Grand Oral du baccalauréat : format, durée, jury et conseils pour 2026

Comprendre l’épreuve orale terminale du bac, ses deux temps, ses coefficients, les questions à préparer et les bonnes méthodes pour s’entraîner efficacement.

Élève de Terminale présentant le Grand Oral du baccalauréat devant un jury, avec les repères de durée et de préparation de l’épreuve 2026.

Le Grand Oral du baccalauréat est l’épreuve orale terminale des élèves de Terminale générale et technologique. Elle évalue leur capacité à présenter une problématique liée à leurs enseignements de spécialité, à construire un raisonnement clair et à dialoguer avec les examinateurs.

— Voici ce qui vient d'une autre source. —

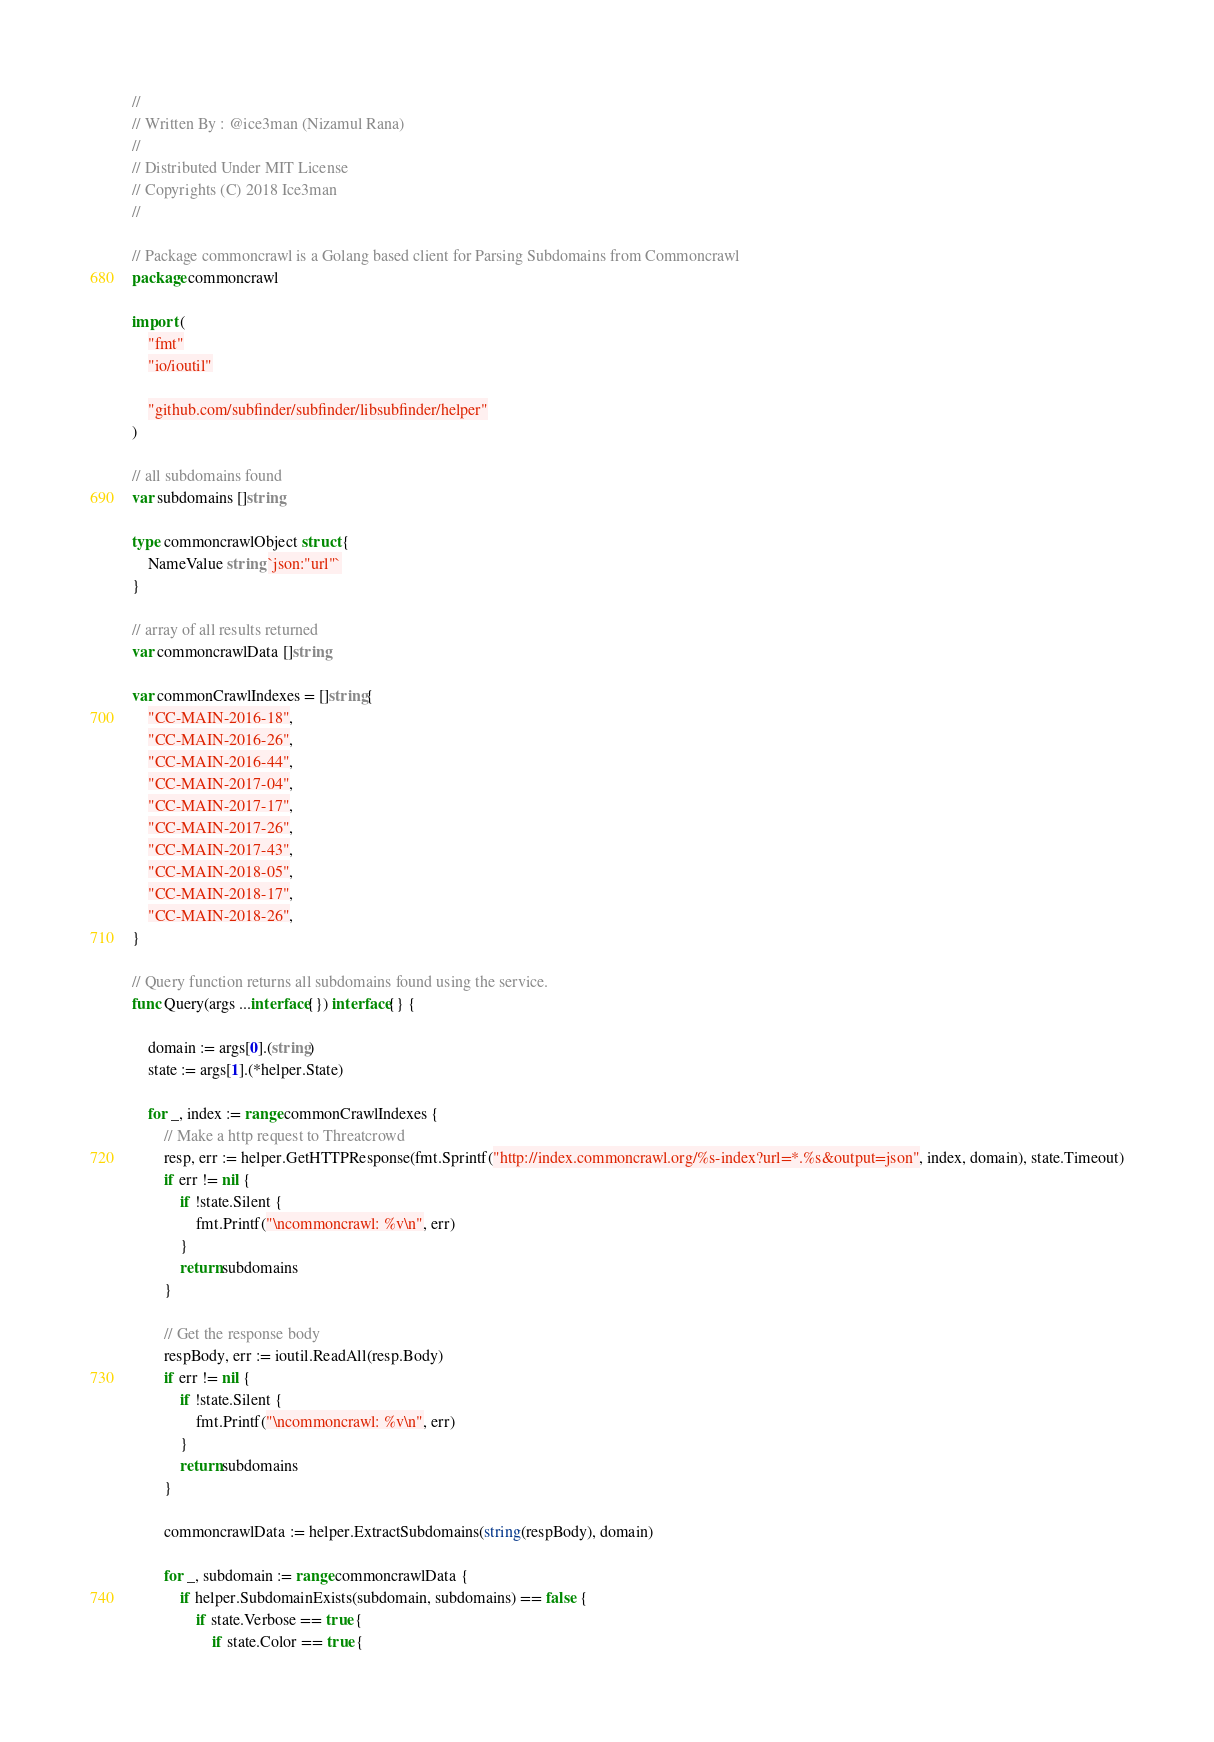<code> <loc_0><loc_0><loc_500><loc_500><_Go_>//
// Written By : @ice3man (Nizamul Rana)
//
// Distributed Under MIT License
// Copyrights (C) 2018 Ice3man
//

// Package commoncrawl is a Golang based client for Parsing Subdomains from Commoncrawl
package commoncrawl

import (
	"fmt"
	"io/ioutil"

	"github.com/subfinder/subfinder/libsubfinder/helper"
)

// all subdomains found
var subdomains []string

type commoncrawlObject struct {
	NameValue string `json:"url"`
}

// array of all results returned
var commoncrawlData []string

var commonCrawlIndexes = []string{
	"CC-MAIN-2016-18",
	"CC-MAIN-2016-26",
	"CC-MAIN-2016-44",
	"CC-MAIN-2017-04",
	"CC-MAIN-2017-17",
	"CC-MAIN-2017-26",
	"CC-MAIN-2017-43",
	"CC-MAIN-2018-05",
	"CC-MAIN-2018-17",
	"CC-MAIN-2018-26",
}

// Query function returns all subdomains found using the service.
func Query(args ...interface{}) interface{} {

	domain := args[0].(string)
	state := args[1].(*helper.State)

	for _, index := range commonCrawlIndexes {
		// Make a http request to Threatcrowd
		resp, err := helper.GetHTTPResponse(fmt.Sprintf("http://index.commoncrawl.org/%s-index?url=*.%s&output=json", index, domain), state.Timeout)
		if err != nil {
			if !state.Silent {
				fmt.Printf("\ncommoncrawl: %v\n", err)
			}
			return subdomains
		}

Le passage repose sur une organisation simple : 20 minutes de préparation, puis 10 minutes de présentation et 10 minutes d’entretien avec la commission. Le lycéen doit donc maîtriser son sujet, structurer ses idées et répondre avec précision aux relances.

Pour les familles comme pour les élèves, l’enjeu est de bien comprendre le format actuel, les coefficients, le rôle du jury et les méthodes de travail qui permettent d’aborder cette échéance avec confiance.

L’essentiel à retenir

Évaluation concernéeÉpreuve orale terminale du baccalauréat général et technologique
NiveauTerminale
Durée totale20 minutes
Avant le passage20 minutes pour organiser ses idées et préparer éventuellement un appui papier
Déroulement10 minutes de présentation, puis 10 minutes d’entretien avec les examinateurs
Sujets travaillésDeux problématiques liées aux enseignements de spécialité
NotationNote sur 20 points
Coefficient jusqu’à la session 202610 en série générale, 14 en série technologique
Calendrier 2026Du lundi 22 juin au mercredi 1er juillet 2026 au plus tard, selon les académies

À quoi sert cette épreuve orale terminale ?

Cette évaluation finale mesure des compétences devenues essentielles au lycée comme dans l’enseignement supérieur : prendre la parole devant un auditoire, expliquer une idée complexe, défendre un point de vue et répondre à des objections.

Elle ne se limite pas à l’aisance d’expression. Les examinateurs apprécient aussi la solidité des savoirs, la précision du vocabulaire, la capacité à relier les notions du programme et la cohérence de l’argumentation.

Pour un élève de Terminale, cette échéance oblige à passer d’un savoir appris à une pensée exprimée. Il ne s’agit pas de réciter un cours, mais de montrer que l’on comprend ce que l’on explique.

Quel est le format en 2026 ?

Le format actuel repose sur deux séquences. Dans la première, l’élève présente le sujet choisi par la commission. Il explique l’intérêt de sa problématique, développe sa réponse et organise sa démonstration.

La seconde séquence prend la forme d’un entretien. Les professeurs peuvent demander une précision, faire reformuler une idée, interroger une notion du programme ou inviter le candidat à nuancer son raisonnement.

ÉtapeDuréeRôle
Préparation20 minMettre les idées en ordre et élaborer éventuellement une trame papier.
Présentation10 minExposer la problématique retenue, justifier son intérêt et y répondre avec méthode.
Entretien10 minApprofondir la réflexion, vérifier les connaissances et évaluer la qualité de l’interaction.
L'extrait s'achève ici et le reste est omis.